EXERCISE GOAL →
Please say how many lines in the records below contain the word "static". Give the number and nothing more.

DATA LISTING →
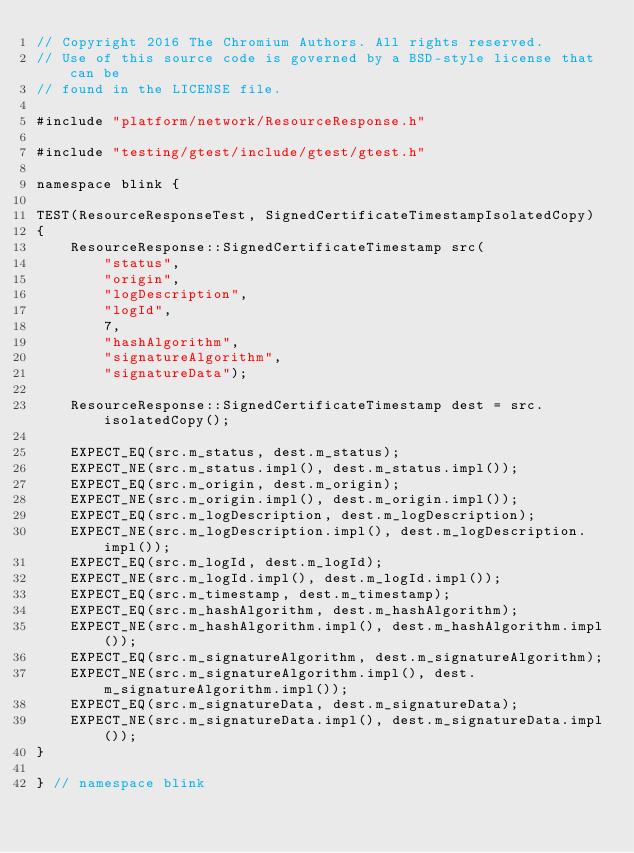<code> <loc_0><loc_0><loc_500><loc_500><_C++_>// Copyright 2016 The Chromium Authors. All rights reserved.
// Use of this source code is governed by a BSD-style license that can be
// found in the LICENSE file.

#include "platform/network/ResourceResponse.h"

#include "testing/gtest/include/gtest/gtest.h"

namespace blink {

TEST(ResourceResponseTest, SignedCertificateTimestampIsolatedCopy)
{
    ResourceResponse::SignedCertificateTimestamp src(
        "status",
        "origin",
        "logDescription",
        "logId",
        7,
        "hashAlgorithm",
        "signatureAlgorithm",
        "signatureData");

    ResourceResponse::SignedCertificateTimestamp dest = src.isolatedCopy();

    EXPECT_EQ(src.m_status, dest.m_status);
    EXPECT_NE(src.m_status.impl(), dest.m_status.impl());
    EXPECT_EQ(src.m_origin, dest.m_origin);
    EXPECT_NE(src.m_origin.impl(), dest.m_origin.impl());
    EXPECT_EQ(src.m_logDescription, dest.m_logDescription);
    EXPECT_NE(src.m_logDescription.impl(), dest.m_logDescription.impl());
    EXPECT_EQ(src.m_logId, dest.m_logId);
    EXPECT_NE(src.m_logId.impl(), dest.m_logId.impl());
    EXPECT_EQ(src.m_timestamp, dest.m_timestamp);
    EXPECT_EQ(src.m_hashAlgorithm, dest.m_hashAlgorithm);
    EXPECT_NE(src.m_hashAlgorithm.impl(), dest.m_hashAlgorithm.impl());
    EXPECT_EQ(src.m_signatureAlgorithm, dest.m_signatureAlgorithm);
    EXPECT_NE(src.m_signatureAlgorithm.impl(), dest.m_signatureAlgorithm.impl());
    EXPECT_EQ(src.m_signatureData, dest.m_signatureData);
    EXPECT_NE(src.m_signatureData.impl(), dest.m_signatureData.impl());
}

} // namespace blink
</code> 
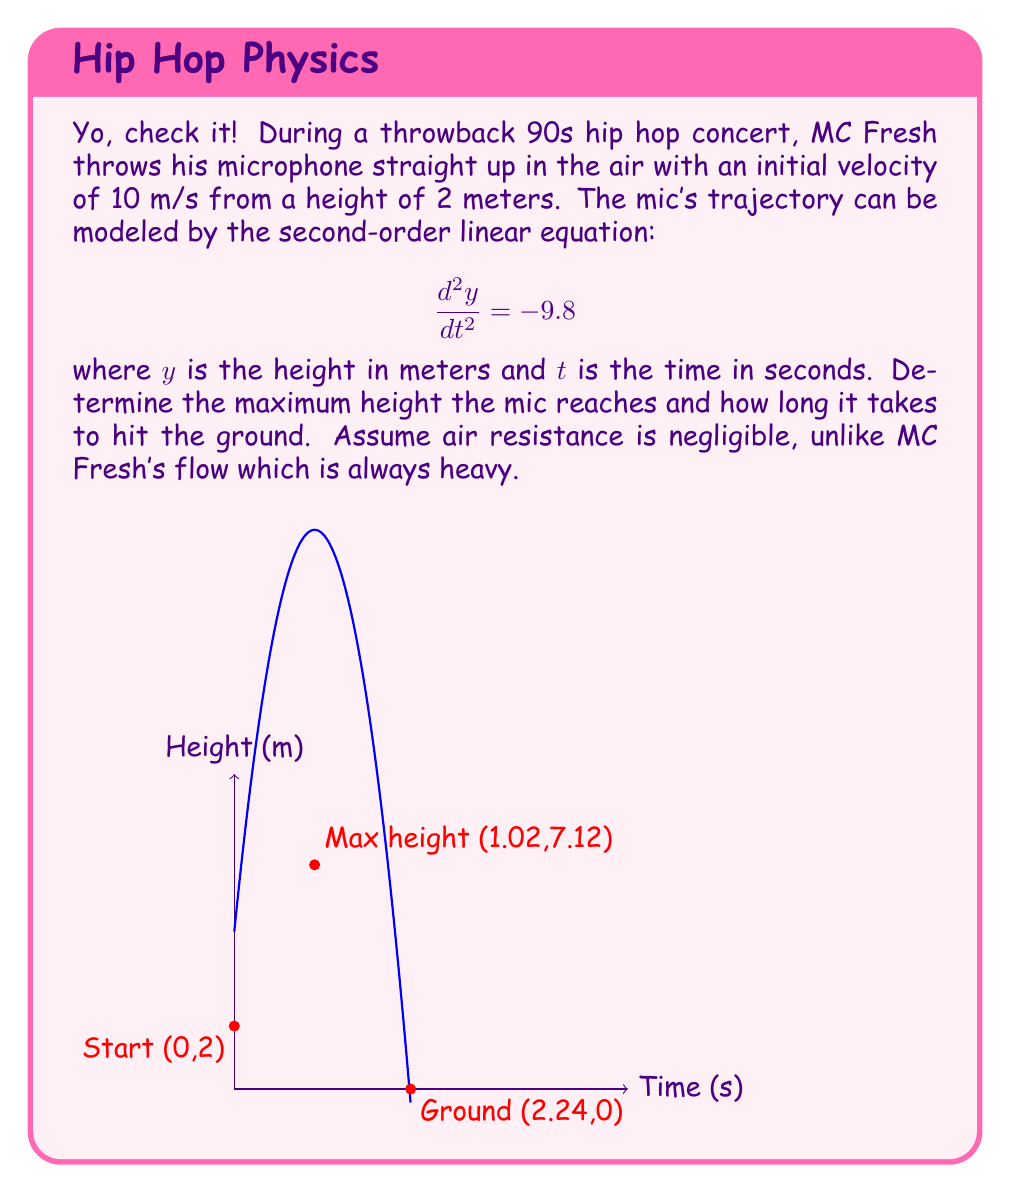Could you help me with this problem? Let's break this down step by step, homie:

1) The general solution for this second-order linear equation is:
   $$y(t) = -4.9t^2 + v_0t + y_0$$
   where $v_0$ is the initial velocity and $y_0$ is the initial height.

2) Plugging in our initial conditions:
   $$y(t) = -4.9t^2 + 10t + 2$$

3) To find the maximum height, we need to find when the velocity is zero:
   $$\frac{dy}{dt} = -9.8t + 10 = 0$$
   $$t = \frac{10}{9.8} \approx 1.02\text{ seconds}$$

4) Plugging this time back into our original equation:
   $$y(1.02) = -4.9(1.02)^2 + 10(1.02) + 2 \approx 7.12\text{ meters}$$

5) To find when the mic hits the ground, set $y(t) = 0$:
   $$0 = -4.9t^2 + 10t + 2$$
   $$4.9t^2 - 10t - 2 = 0$$

6) Using the quadratic formula:
   $$t = \frac{10 \pm \sqrt{100 + 4(4.9)(2)}}{2(4.9)} \approx 2.24\text{ seconds}$$
   (We take the positive root as time can't be negative)

Therefore, the mic reaches a maximum height of about 7.12 meters after 1.02 seconds and hits the ground after about 2.24 seconds.
Answer: Maximum height: 7.12 m; Time to hit ground: 2.24 s 
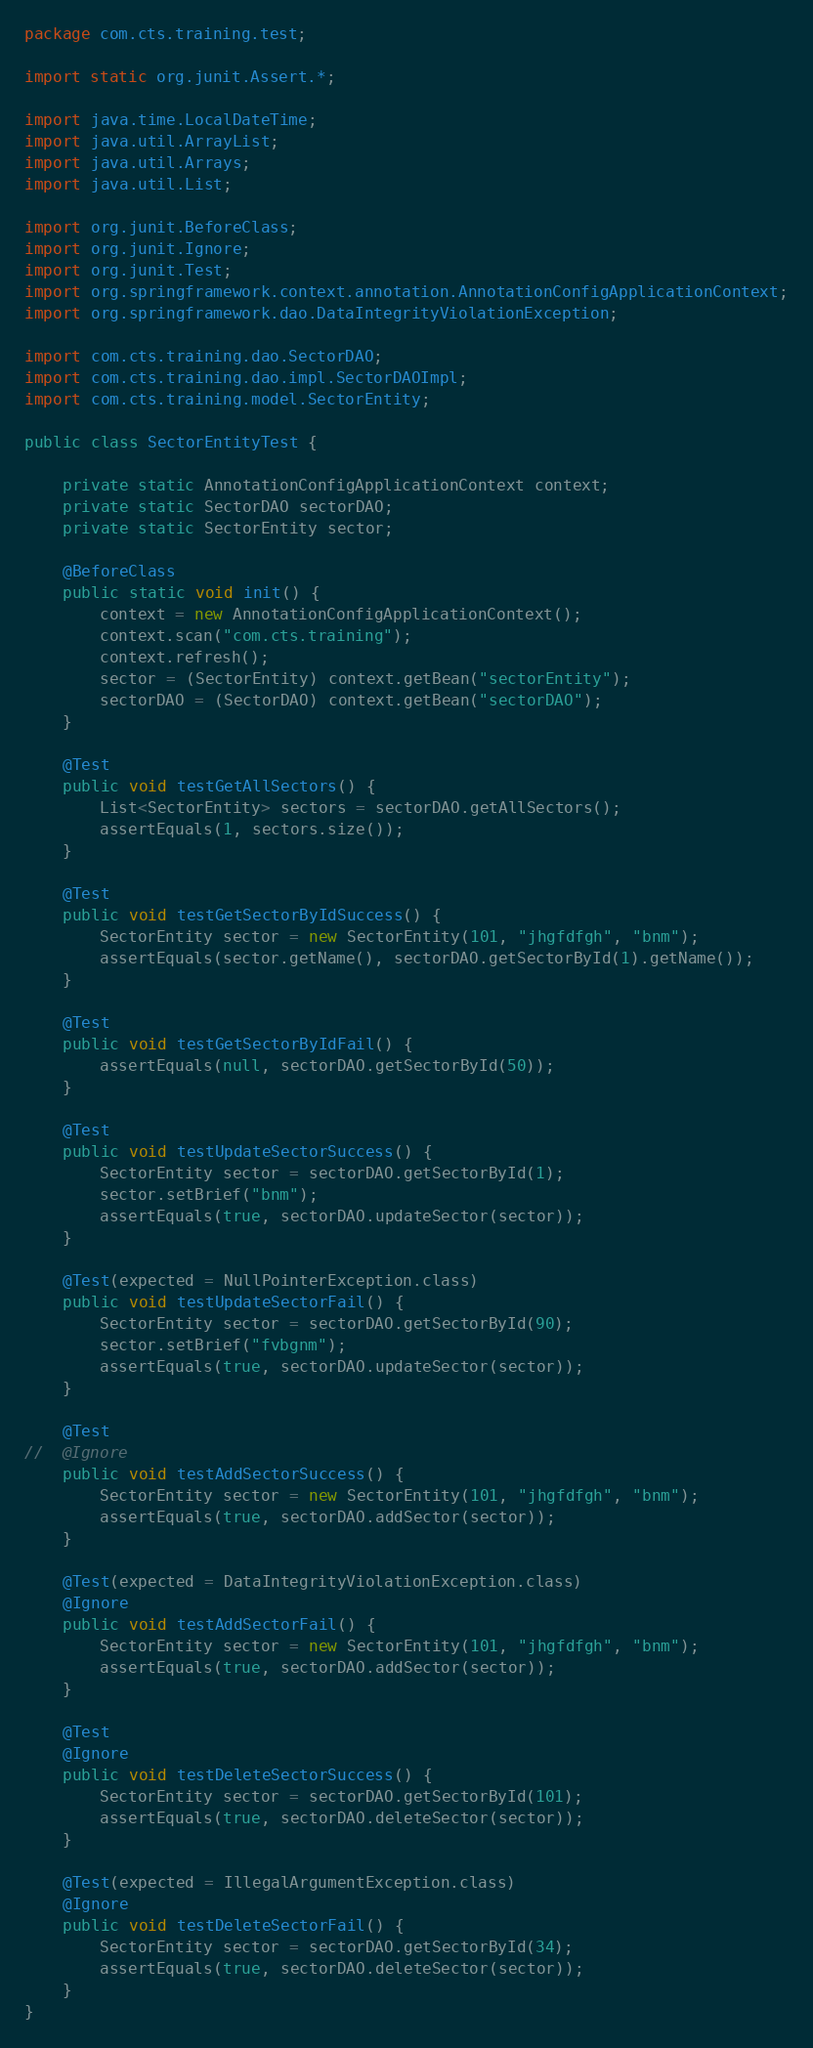<code> <loc_0><loc_0><loc_500><loc_500><_Java_>package com.cts.training.test;

import static org.junit.Assert.*;

import java.time.LocalDateTime;
import java.util.ArrayList;
import java.util.Arrays;
import java.util.List;

import org.junit.BeforeClass;
import org.junit.Ignore;
import org.junit.Test;
import org.springframework.context.annotation.AnnotationConfigApplicationContext;
import org.springframework.dao.DataIntegrityViolationException;

import com.cts.training.dao.SectorDAO;
import com.cts.training.dao.impl.SectorDAOImpl;
import com.cts.training.model.SectorEntity;

public class SectorEntityTest {

	private static AnnotationConfigApplicationContext context;
	private static SectorDAO sectorDAO;
	private static SectorEntity sector;

	@BeforeClass
	public static void init() {
		context = new AnnotationConfigApplicationContext();
		context.scan("com.cts.training");
		context.refresh();
		sector = (SectorEntity) context.getBean("sectorEntity");
		sectorDAO = (SectorDAO) context.getBean("sectorDAO");
	}

	@Test
	public void testGetAllSectors() {
		List<SectorEntity> sectors = sectorDAO.getAllSectors();
		assertEquals(1, sectors.size());
	}

	@Test
	public void testGetSectorByIdSuccess() {
		SectorEntity sector = new SectorEntity(101, "jhgfdfgh", "bnm");
		assertEquals(sector.getName(), sectorDAO.getSectorById(1).getName());
	}

	@Test
	public void testGetSectorByIdFail() {
		assertEquals(null, sectorDAO.getSectorById(50));
	}

	@Test
	public void testUpdateSectorSuccess() {
		SectorEntity sector = sectorDAO.getSectorById(1);
		sector.setBrief("bnm");
		assertEquals(true, sectorDAO.updateSector(sector));
	}

	@Test(expected = NullPointerException.class)
	public void testUpdateSectorFail() {
		SectorEntity sector = sectorDAO.getSectorById(90);
		sector.setBrief("fvbgnm");
		assertEquals(true, sectorDAO.updateSector(sector));
	}

	@Test
//	@Ignore
	public void testAddSectorSuccess() {
		SectorEntity sector = new SectorEntity(101, "jhgfdfgh", "bnm");
		assertEquals(true, sectorDAO.addSector(sector));
	}

	@Test(expected = DataIntegrityViolationException.class)
	@Ignore
	public void testAddSectorFail() {
		SectorEntity sector = new SectorEntity(101, "jhgfdfgh", "bnm");
		assertEquals(true, sectorDAO.addSector(sector));
	}

	@Test
	@Ignore
	public void testDeleteSectorSuccess() {
		SectorEntity sector = sectorDAO.getSectorById(101);
		assertEquals(true, sectorDAO.deleteSector(sector));
	}

	@Test(expected = IllegalArgumentException.class)
	@Ignore
	public void testDeleteSectorFail() {
		SectorEntity sector = sectorDAO.getSectorById(34);
		assertEquals(true, sectorDAO.deleteSector(sector));
	}
}
</code> 
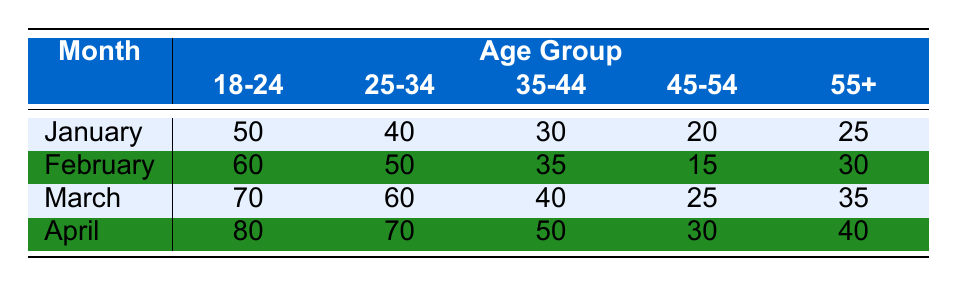What was the attendance for the 25-34 age group in March? The table lists the attendance for each age group in each month. For March, the attendance for the 25-34 age group is directly specified in the table as 60.
Answer: 60 Which month had the highest attendance for the 18-24 age group? Looking at the table, the attendance for the 18-24 age group for each month is 50 in January, 60 in February, 70 in March, and 80 in April. The highest value is 80 in April.
Answer: April What is the total attendance for the 55+ age group from January to April? The attendance for the 55+ age group in each month is 25 in January, 30 in February, 35 in March, and 40 in April. Adding these values gives (25 + 30 + 35 + 40) = 130.
Answer: 130 Is the attendance for the 45-54 age group higher in February than in January? The table shows the attendance for the 45-54 age group as 20 in January and 15 in February. Since 20 is greater than 15, the attendance in February is lower.
Answer: No What age group had the least attendance in January? In January, the attendances are 50 for 18-24, 40 for 25-34, 30 for 35-44, 20 for 45-54, and 25 for 55+. The least attendance is 20 for the 45-54 age group.
Answer: 45-54 What is the average attendance for the 25-34 age group across all four months? The total attendance for the 25-34 age group is 40 (January) + 50 (February) + 60 (March) + 70 (April) = 220. Since there are 4 months, the average is 220 / 4 = 55.
Answer: 55 Was the attendance for the 35-44 age group consistent across the months? The attendance figures for the 35-44 age group are 30 in January, 35 in February, 40 in March, and 50 in April. Since these values are increasing, attendance was not consistent.
Answer: No Which month had the greatest increase in attendance for the 18-24 age group compared to the previous month? The attendance for the 18-24 age group is as follows: January (50), February (60), March (70), April (80). The increases are 10 (January to February), 10 (February to March), and 10 (March to April). Therefore, the increase was consistent across all months.
Answer: No increase greater than 10 How does the attendance for the 55+ age group compare to that of the 35-44 age group in April? In April, the attendance for the 55+ age group is 40 and for the 35-44 age group, it is 50. Since 40 is less than 50, the 55+ age group had lower attendance than the 35-44 age group in April.
Answer: Lower

ANSWER BOX →
5